Ser um grande jogador nem sempre é a garantia de se tornar também um grande técnico. Paulo César Carpegiani, porém, conseguiu unir o melhor de ambos os universos. Nos tempos em que calçava chuteiras, foi craque. Mesmo que a trajetória tenha sido abreviada pelas lesões no joelho, em uma década como profissional conseguiu marcar o seu nome. Disputou uma Copa do Mundo, colecionou títulos com o Internacional, liderou um esquadrão do Flamengo. Poucos meio-campistas foram tão técnicos e tão inteligentes quanto ele na década de 1970. Tudo isso para se tornar um treinador vitoriosíssimo logo após assumir a prancheta. Honrou o legado de Cláudio Coutinho ao levar os rubro-negros à conquista da Libertadores e do Mundial. Rodaria bastante depois, mas com capacidade para impulsionar uma das melhores seleções paraguaias de todos os tempos, deixando fortes lembranças na Copa de 1998. Graças ao seus pés ou ao seu cérebro, um personagem acima da média, que completou 70 anos nesta quinta-feira.

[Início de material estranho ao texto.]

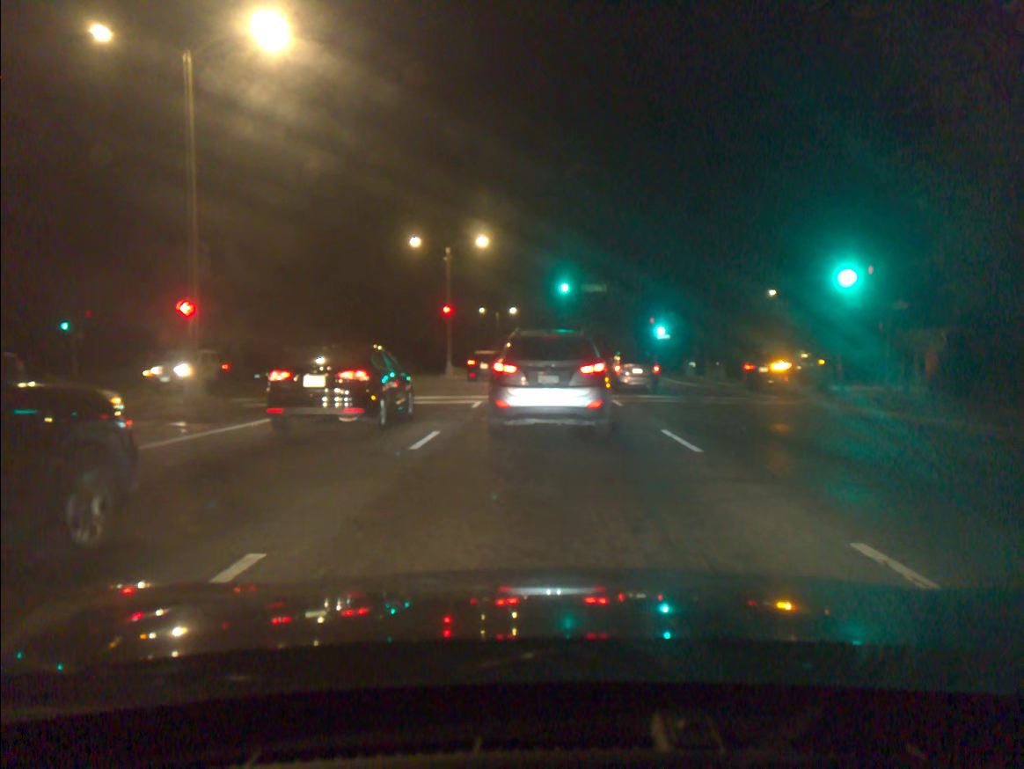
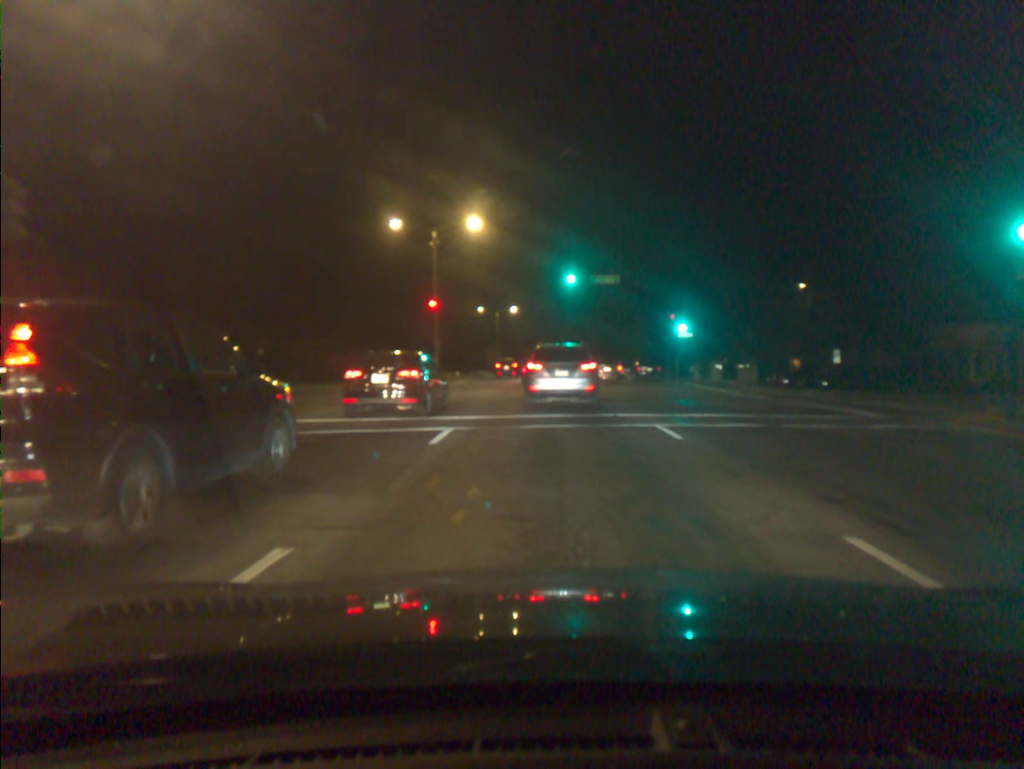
(0.0, +7.5) m; +1°
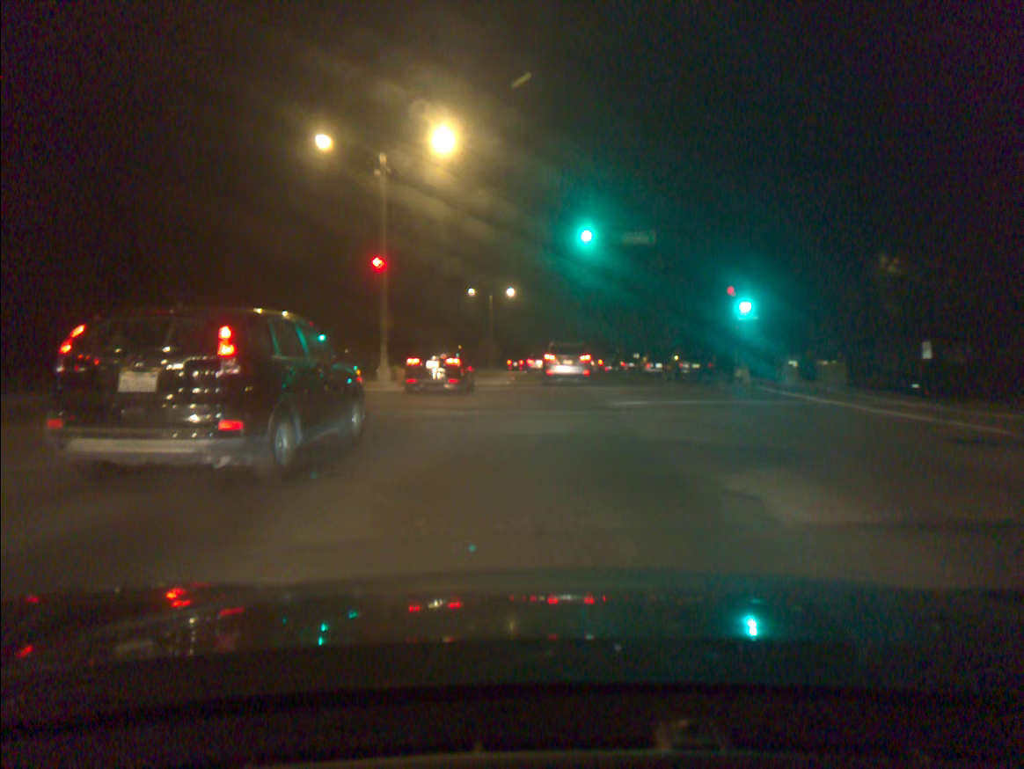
(-0.1, +14.4) m; 0°
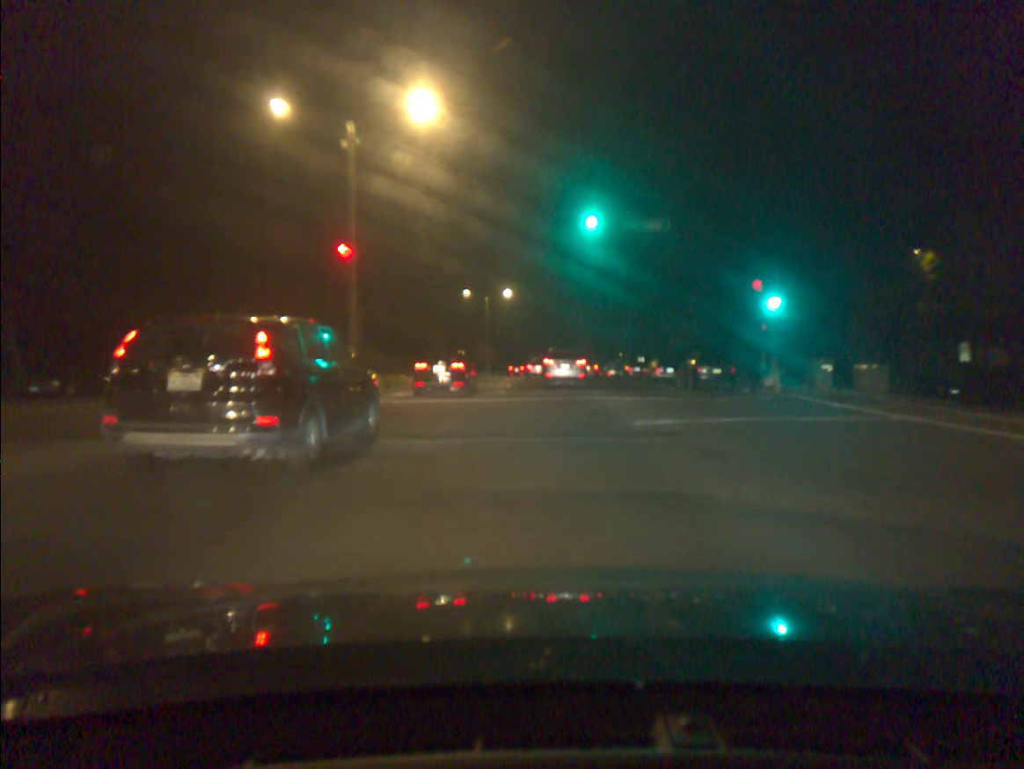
(0.0, +4.5) m; 0°
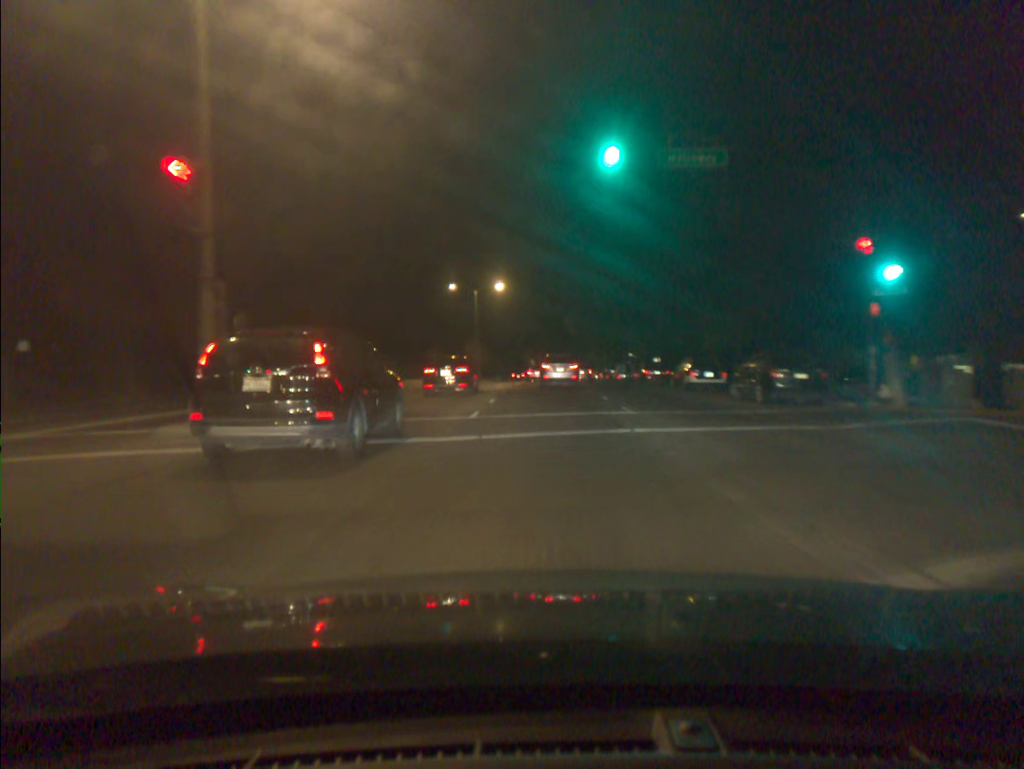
(0.0, +10.2) m; 0°
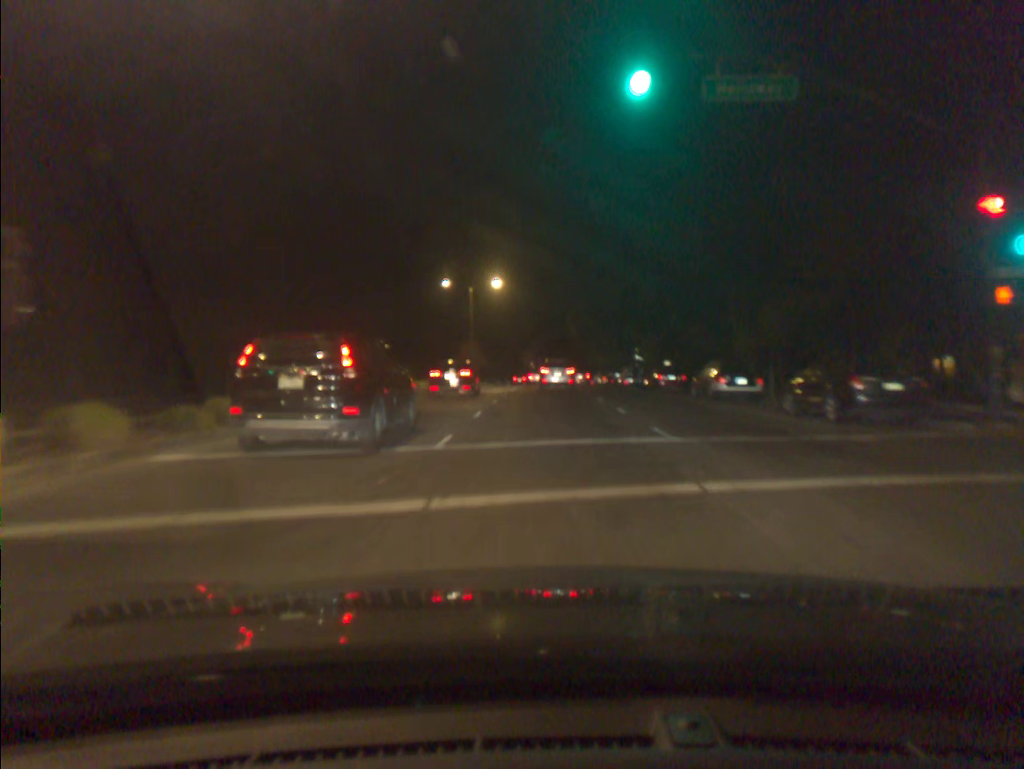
(0.0, +5.6) m; 0°
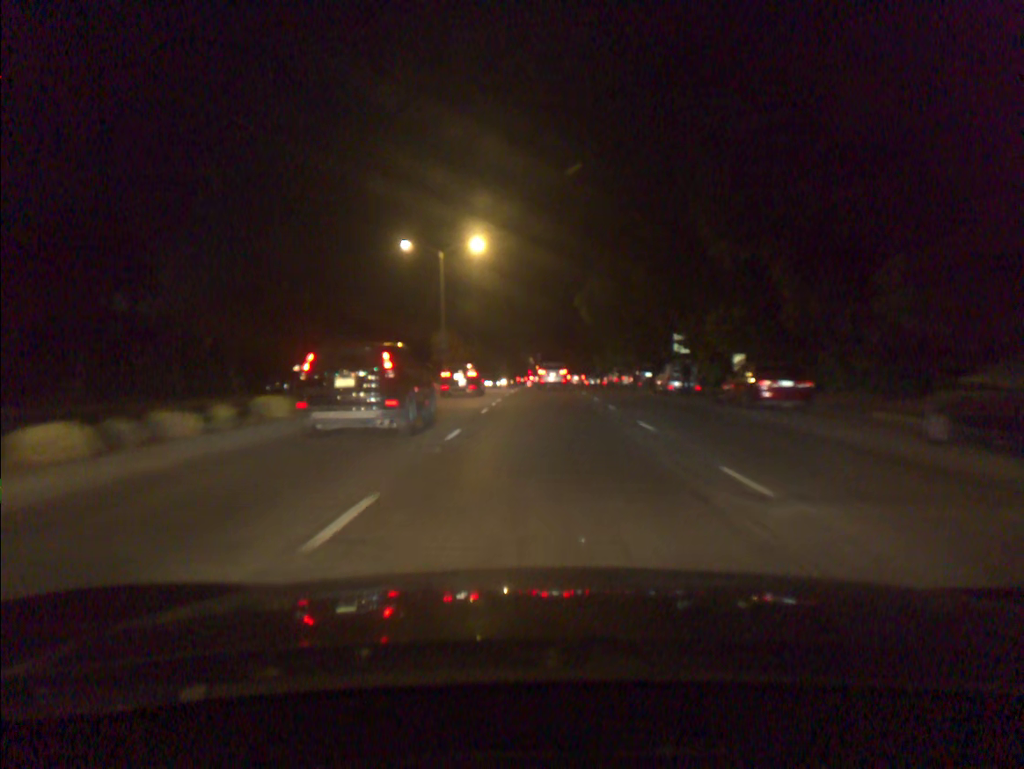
(0.0, +19.1) m; 0°

O início de Carpegiani no futebol é curioso. Como ele próprio contaria ao Jornal dos Sports, em 1981: “Foi a coisa mais engraçada que me aconteceu. Em 1969, eu morava em Erechim e precisei fazer um curso pré-vestibular para ingressar na faculdade. Foi então que um dirigente do Inter ficou sabendo que estava na cidade um rapaz muito bom no futebol de salão e que poderia ser aproveitado nos juvenis do colorado. Fui chamado para um teste e, apesar de poucas vezes ter jogado no campo, agradei no primeiro treino. Imediatamente os dirigentes do Inter me convenceram a assinar a ficha de amador, o tal contrato de gaveta e passaram a me dar casa, comida e algum dinheiro. Para quem chegou a Porto Alegre sem ter onde morar e recebeu todas essas atenções, tive que ficar deslumbrado. Pouco depois o treinador Foguinho me promoveu aos profissionais, o que foi um deslumbramento total”. Há ainda uma versão que dá outros detalhes da história, referendada pelo próprio site do Internacional. Carpegiani estava a caminho de Porto Alegre, convidado para realizar um teste no Grêmio. No meio do caminho, teria sido abordado por um funcionário colorado. Aceitou a oferta de treinar no Beira-Rio e acabou ficando.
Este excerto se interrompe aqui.